When Konga showed up that night at the village meeting brandishing the Pexton men’s key, I was at first aghast at his tactic and manners. I was thinking what my friends were thinking: Is this the right way to get what we want? Wouldn’t it be best for us to wait for a better time to do this, perhaps a day in the future after we’d mapped out a step-by-step strategy rather than initiating a spontaneous rebellion based on a mysterious whim? I still can’t say how I persuaded myself to obey the orders of someone who wields no power over the words coming out of his mouth, but the words were the ones we needed to hear that evening. I needed to hear them. My brother had said them to me, and I’d refused to listen to him. I’d let him travel to Bézam without my support on a journey where he could have benefited from my faith and counsel. I couldn’t let him down again.
After my friends and I had dragged away and dumped the Pexton men and Woja Beki in a corner of Lusaka’s parlor, Woja Beki cried out, upon hearing Konga tell us to bind their hands and feet and throw them in the back room, “Konga Wanjika, son of Bantu Wanjika, what did I ever do to you to deserve such treatment…?”
I say similar words whenever I look at a mother collapsed in grief beside a dead child: Enemies of Kosawa, what did we ever do to you to deserve such treatment?
Many nights I lie in bed and imagine myself turning into a fan, blowing away the air over Kosawa, driving it past the hills behind Gardens, dumping it where strong winds will take it afar and bring back to us good air. I picture myself a wall that stretches from the sky to the inner core of the earth, allowing no pipelines to pass through, no poison to flow into our water. I want to give the children simple things. Clean water. Clean air. Clean food. Let them soil it if they like it dirty—how dare anyone refuse them this right?
* * *
I AM NEITHER KOSAWA’S BEST hunter nor farmer, and I won’t be an elder for decades. Yet, after the soldiers left, the men of my village chose me to be their leader.

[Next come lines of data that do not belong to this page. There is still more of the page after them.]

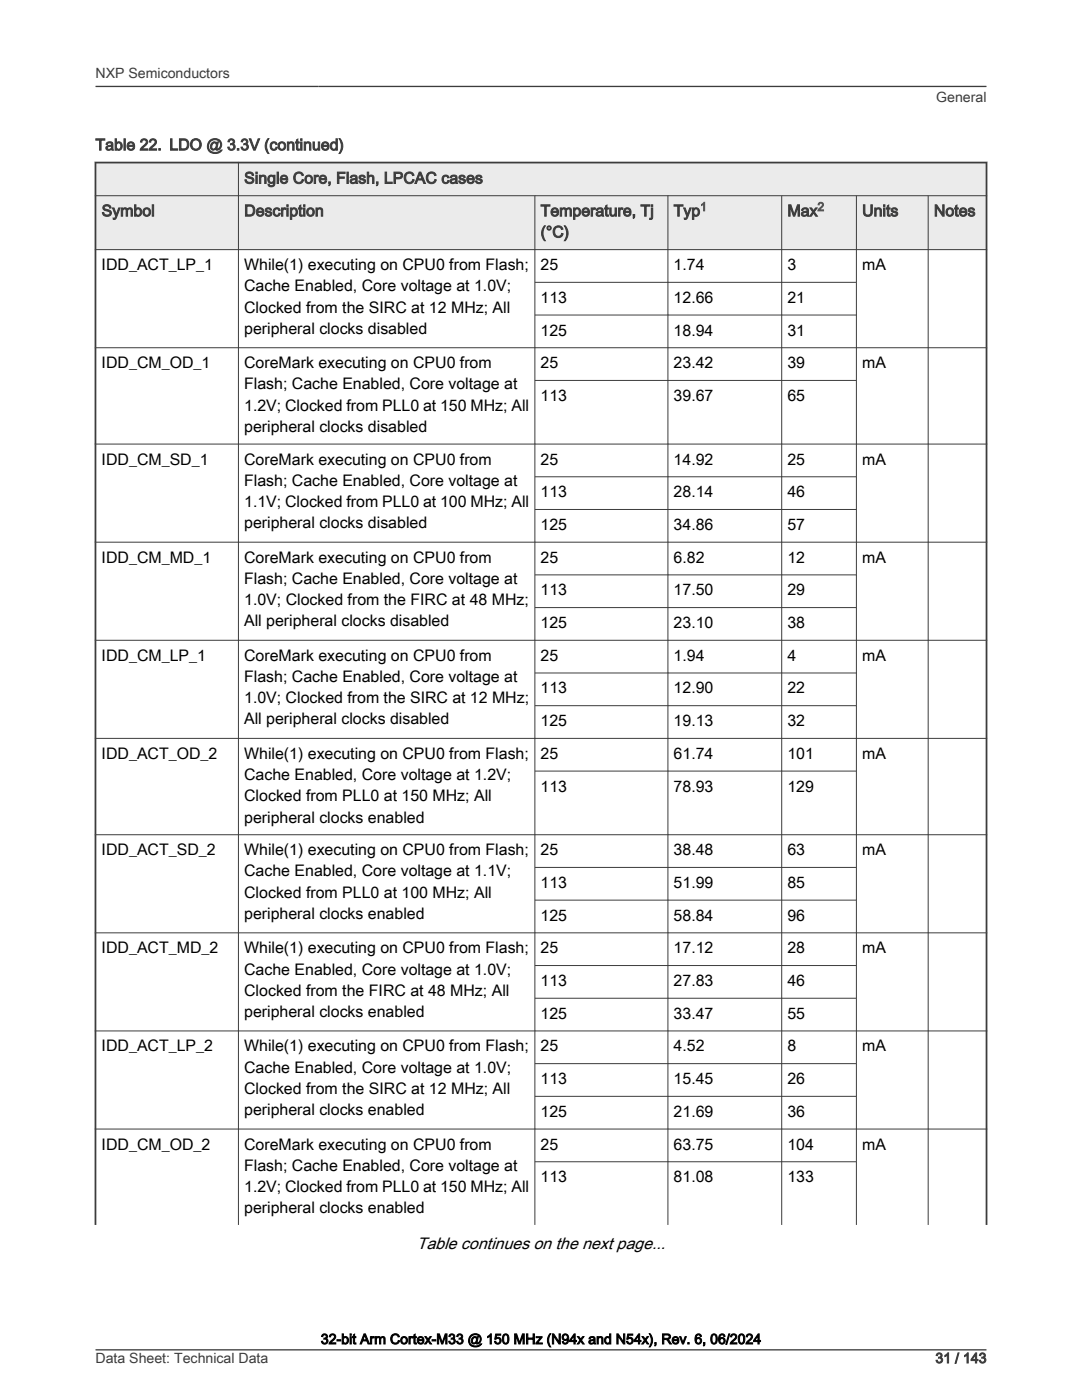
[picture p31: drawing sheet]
<svg xmlns="http://www.w3.org/2000/svg" width="216mm" height="279mm" viewBox="0 0 216 279" stroke-linecap="round" stroke-linejoin="round" font-family="sans-serif">
<defs><g id="words">
<text font-size="3.3" x="83.2" y="249.2">Table continues on the next page...</text>
<g font-size="3.2" fill="#3c3c3c">
<text x="19" y="30">Table 22. LDO @ 3.3V (continued)</text>
<text x="48.7" y="36.6">Single Core, Flash, LPCAC cases</text>
<text x="20.3" y="43.1">Symbol</text>
<text x="48.7" y="43.1">Description</text>
<text x="107.9" y="43.1">Temperature, Tj</text>
<text x="107.9" y="47.4">(°C)</text>
<text x="134.4" y="43.1">Typ</text>
<text x="157.1" y="43.1">Max</text>
<text x="172" y="43.1">Units</text>
<text x="186.4" y="43.1">Notes</text>
</g>
<g font-size="3.2">
<text x="20.3" y="53.9">IDD_ACT_LP_1</text>
<text x="48.7" y="53.9">While(1) executing on CPU0 from Flash;</text>
<text x="107.9" y="53.9">25</text>
<text x="134.4" y="53.9">1.74</text>
<text x="157.1" y="53.9">3</text>
<text x="172" y="53.9">mA</text>
<text x="48.7" y="58.1">Cache Enabled, Core voltage at 1.0V;</text>
<text x="48.7" y="62.4">Clocked from the SIRC at 12 MHz; All</text>
<text x="107.9" y="60.4">113</text>
<text x="134.4" y="60.4">12.66</text>
<text x="157.1" y="60.4">21</text>
<text x="48.7" y="66.6">peripheral clocks disabled</text>
<text x="107.9" y="67">125</text>
<text x="134.4" y="67">18.94</text>
<text x="157.1" y="67">31</text>
<text x="20.3" y="73.5">IDD_CM_OD_1</text>
<text x="48.7" y="73.5">CoreMark executing on CPU0 from</text>
<text x="48.7" y="77.7">Flash; Cache Enabled, Core voltage at</text>
<text x="107.9" y="73.5">25</text>
<text x="134.4" y="73.5">23.42</text>
<text x="157.1" y="73.5">39</text>
<text x="172" y="73.5">mA</text>
<text x="48.7" y="82">1.2V; Clocked from PLL0 at 150 MHz; All</text>
<text x="107.9" y="80">113</text>
<text x="134.4" y="80">39.67</text>
<text x="157.1" y="80">65</text>
<text x="48.7" y="86.2">peripheral clocks disabled</text>
<text x="20.3" y="92.7">IDD_CM_SD_1</text>
<text x="48.7" y="92.7">CoreMark executing on CPU0 from</text>
<text x="107.9" y="92.7">25</text>
<text x="134.4" y="92.7">14.92</text>
<text x="157.1" y="92.7">25</text>
<text x="172" y="92.7">mA</text>
<text x="48.7" y="96.9">Flash; Cache Enabled, Core voltage at</text>
<text x="48.7" y="101.2">1.1V; Clocked from PLL0 at 100 MHz; All</text>
<text x="107.9" y="99.2">113</text>
<text x="134.4" y="99.2">28.14</text>
<text x="157.1" y="99.2">46</text>
<text x="48.7" y="105.4">peripheral clocks disabled</text>
<text x="107.9" y="105.8">125</text>
<text x="134.4" y="105.8">34.86</text>
<text x="157.1" y="105.8">57</text>
<text x="20.3" y="112.3">IDD_CM_MD_1</text>
<text x="48.7" y="112.3">CoreMark executing on CPU0 from</text>
<text x="107.9" y="112.3">25</text>
<text x="134.4" y="112.3">6.82</text>
<text x="157.1" y="112.3">12</text>
<text x="172" y="112.3">mA</text>
<text x="48.7" y="116.5">Flash; Cache Enabled, Core voltage at</text>
<text x="107.9" y="118.8">113</text>
<text x="134.4" y="118.8">17.50</text>
<text x="157.1" y="118.8">29</text>
<text x="48.7" y="120.8">1.0V; Clocked from the FIRC at 48 MHz;</text>
<text x="48.7" y="125">All peripheral clocks disabled</text>
<text x="107.9" y="125.3">125</text>
<text x="134.4" y="125.3">23.10</text>
<text x="157.1" y="125.3">38</text>
<text x="20.3" y="131.9">IDD_CM_LP_1</text>
<text x="48.7" y="131.9">CoreMark executing on CPU0 from</text>
<text x="107.9" y="131.9">25</text>
<text x="134.4" y="131.9">1.94</text>
<text x="157.1" y="131.9">4</text>
<text x="172" y="131.9">mA</text>
<text x="48.7" y="136.1">Flash; Cache Enabled, Core voltage at</text>
<text x="48.7" y="140.3">1.0V; Clocked from the SIRC at 12 MHz;</text>
<text x="107.9" y="138.4">113</text>
<text x="134.4" y="138.4">12.90</text>
<text x="157.1" y="138.4">22</text>
<text x="48.7" y="144.6">All peripheral clocks disabled</text>
<text x="107.9" y="144.9">125</text>
<text x="134.4" y="144.9">19.13</text>
<text x="157.1" y="144.9">32</text>
<text x="20.3" y="151.4">IDD_ACT_OD_2</text>
<text x="48.7" y="151.4">While(1) executing on CPU0 from Flash;</text>
<text x="48.7" y="155.7">Cache Enabled, Core voltage at 1.2V;</text>
<text x="107.9" y="151.4">25</text>
<text x="134.4" y="151.4">61.74</text>
<text x="157.1" y="151.4">101</text>
<text x="172" y="151.4">mA</text>
<text x="48.7" y="159.9">Clocked from PLL0 at 150 MHz; All</text>
<text x="107.9" y="158">113</text>
<text x="134.4" y="158">78.93</text>
<text x="157.1" y="158">129</text>
<text x="48.7" y="164.1">peripheral clocks enabled</text>
<text x="20.3" y="170.7">IDD_ACT_SD_2</text>
<text x="48.7" y="170.7">While(1) executing on CPU0 from Flash;</text>
<text x="107.9" y="170.7">25</text>
<text x="134.4" y="170.7">38.48</text>
<text x="157.1" y="170.7">63</text>
<text x="172" y="170.7">mA</text>
<text x="48.7" y="174.9">Cache Enabled, Core voltage at 1.1V;</text>
<text x="48.7" y="179.1">Clocked from PLL0 at 100 MHz; All</text>
<text x="107.9" y="177.2">113</text>
<text x="134.4" y="177.2">51.99</text>
<text x="157.1" y="177.2">85</text>
<text x="48.7" y="183.4">peripheral clocks enabled</text>
<text x="107.9" y="183.7">125</text>
<text x="134.4" y="183.7">58.84</text>
<text x="157.1" y="183.7">96</text>
<text x="20.3" y="190.3">IDD_ACT_MD_2</text>
<text x="48.7" y="190.3">While(1) executing on CPU0 from Flash;</text>
<text x="107.9" y="190.3">25</text>
<text x="134.4" y="190.3">17.12</text>
<text x="157.1" y="190.3">28</text>
<text x="172" y="190.3">mA</text>
<text x="48.7" y="194.5">Cache Enabled, Core voltage at 1.0V;</text>
<text x="107.9" y="196.8">113</text>
<text x="134.4" y="196.8">27.83</text>
<text x="157.1" y="196.8">46</text>
<text x="48.7" y="198.7">Clocked from the FIRC at 48 MHz; All</text>
<text x="48.7" y="203">peripheral clocks enabled</text>
<text x="107.9" y="203.3">125</text>
<text x="134.4" y="203.3">33.47</text>
<text x="157.1" y="203.3">55</text>
<text x="20.3" y="209.8">IDD_ACT_LP_2</text>
<text x="48.7" y="209.8">While(1) executing on CPU0 from Flash;</text>
<text x="107.9" y="209.8">25</text>
<text x="134.4" y="209.8">4.52</text>
<text x="157.1" y="209.8">8</text>
<text x="172" y="209.8">mA</text>
<text x="48.7" y="214.1">Cache Enabled, Core voltage at 1.0V;</text>
<text x="48.7" y="218.3">Clocked from the SIRC at 12 MHz; All</text>
<text x="107.9" y="216.4">113</text>
<text x="134.4" y="216.4">15.45</text>
<text x="157.1" y="216.4">26</text>
<text x="48.7" y="222.5">peripheral clocks enabled</text>
<text x="107.9" y="222.9">125</text>
<text x="134.4" y="222.9">21.69</text>
<text x="157.1" y="222.9">36</text>
<text x="20.3" y="229.4">IDD_CM_OD_2</text>
<text x="48.7" y="229.4">CoreMark executing on CPU0 from</text>
<text x="48.7" y="233.6">Flash; Cache Enabled, Core voltage at</text>
<text x="107.9" y="229.4">25</text>
<text x="134.4" y="229.4">63.75</text>
<text x="157.1" y="229.4">104</text>
<text x="172" y="229.4">mA</text>
<text x="48.7" y="237.9">1.2V; Clocked from PLL0 at 150 MHz; All</text>
<text x="107.9" y="235.9">113</text>
<text x="134.4" y="235.9">81.08</text>
<text x="157.1" y="235.9">133</text>
<text x="48.7" y="242.1">peripheral clocks enabled</text>
</g>
<g font-size="2.8" fill="#3c3c3c">
<text x="19" y="15.6">NXP Semiconductors</text>
<text x="186.8" y="20.4">General</text>
<text x="19" y="272">Data Sheet: Technical Data</text>
<text x="186.7" y="272">31 / 143</text>
</g>
<text font-size="2.8" x="64" y="268.2">32-bit Arm Cortex-M33 @ 150 MHz (N94x and N54x), Rev. 6, 06/2024</text>
<g font-size="2.4" fill="#00f">
<text x="139.7" y="42.1">1</text>
<text x="163.1" y="42.1">2</text>
</g>
</g></defs>
<g fill="#ebebeb">
<path d="M19 32.4h177.8v6.7h-177.8z" fill-rule="evenodd"/>
<path d="M19 39.1h177.8v10.7h-177.8z" fill-rule="evenodd"/>
</g>
<path d="M18.9 32.4h178.1M19 32.3v212.2M196.9 32.3v212.2" fill="none" stroke="#3c3c3c" stroke-width=".35"/>
<g fill="none" stroke="#3c3c3c" stroke-width=".2">
<path d="M18.9 39.1h178.1M47.6 32.3v212.2M106.7 39v205.5M133.3 39v205.5M156 39v205.5M170.9 39v205.5M185.2 39v205.5M18.9 49.8h178.1M106.7 56.3h64.3M18.9 69.4h178.1M106.7 62.9h64.3M106.7 75.9h64.3"/>
<path d="M18.9 88.6h178.1M106.7 95.2h64.3M18.9 108.2h178.1M106.7 101.7h64.3M106.7 114.7h64.3M18.9 127.8h178.1M106.7 121.3h64.3M106.7 134.3h64.3M18.9 147.4h178.1M106.7 140.8h64.3M106.7 153.9h64.3M18.9 166.6h178.1"/>
<path d="M106.7 173.1h64.3M106.7 179.6h64.3M18.9 186.2h178.1M106.7 192.7h64.3M106.7 199.2h64.3M18.9 205.7h178.1M106.7 212.3h64.3M106.7 218.8h64.3M18.9 225.3h178.1M106.7 231.9h64.3"/>
</g>
<path d="M19 17.3h177.8M19.1 269.4h177.7" fill="none" stroke="#3c3c3c" stroke-width=".26"/>
<use href="#words"/>
</svg>

Lusaka stood in front of our gathering that evening and declared that we needed a new, fearless leader. An age-mate of my brother’s named Tunis offered his services, but nobody was enthused about anointing him—passionate as he is, he enjoys a good laugh far too much, and he has newborn twin daughters at home, a life change certain to do nothing to make a man manlier. My cousin Sonni offered too; his father, my uncle Manga, agreed that his son, wise since birth, would make a great leader. But someone shouted that it wasn’t right for a father to nominate his son. An argument was about to ensue over who had the right to nominate whom when Lusaka raised his hand to ask for silence. In the same spot where he’d asked us to take the Pexton men to his hut, he told everyone that he believed I should be the leader. He said no one present had done more for Kosawa in the past year. Several men nodded. No one stood up to counter him.
I wanted to stand and say the same about him, but he spoke without pause, giving me no space to slide my words between his. The reasons were many why he wanted me to lead, he said. I’d participated in digging a grave for every child who had died in the past two years. (About this he was wrong—after Elali told me she no longer loved me, I’d sat in my bedroom and stared at the wall a full day, disregarding Malabo’s pleas that I eat, ignoring the wails coming from a hut where a nine-month-old boy had gone to sleep and never woken up. I hadn’t gone to that baby’s funeral or cared to know his name.)
Lusaka said I’d orchestrated the search for the vanished men in Bézam (I’d indeed assembled the search party and led the way around Bézam, but I’d done it not for Kosawa, but for my brother and my family)。 He added, incorrectly, that I’d been among the first to step forward when Konga called for volunteers to drag away the Pexton men (I was at the back of the pack of young men who went to the front)。 When, on that night of the village meeting, as per Konga’s order, I arrived in front of the twins’ hut and realized that some of the men of Kosawa weren’t there, Lusaka continued—pointing at all of the cowards, their faces turned away—I’d gone to their huts and dragged them from beneath their wives’ skirts, but not before telling their wives and children what the men were: cowering, wet chickens; phonies undeserving of the good in their lives (I’d said no such things. I’d only told the men that they had to come with me, though I now wish I’d insulted them inside their huts—no able man who sits at home while other men go to fight and die for his family is deserving of the honor of being called a man)。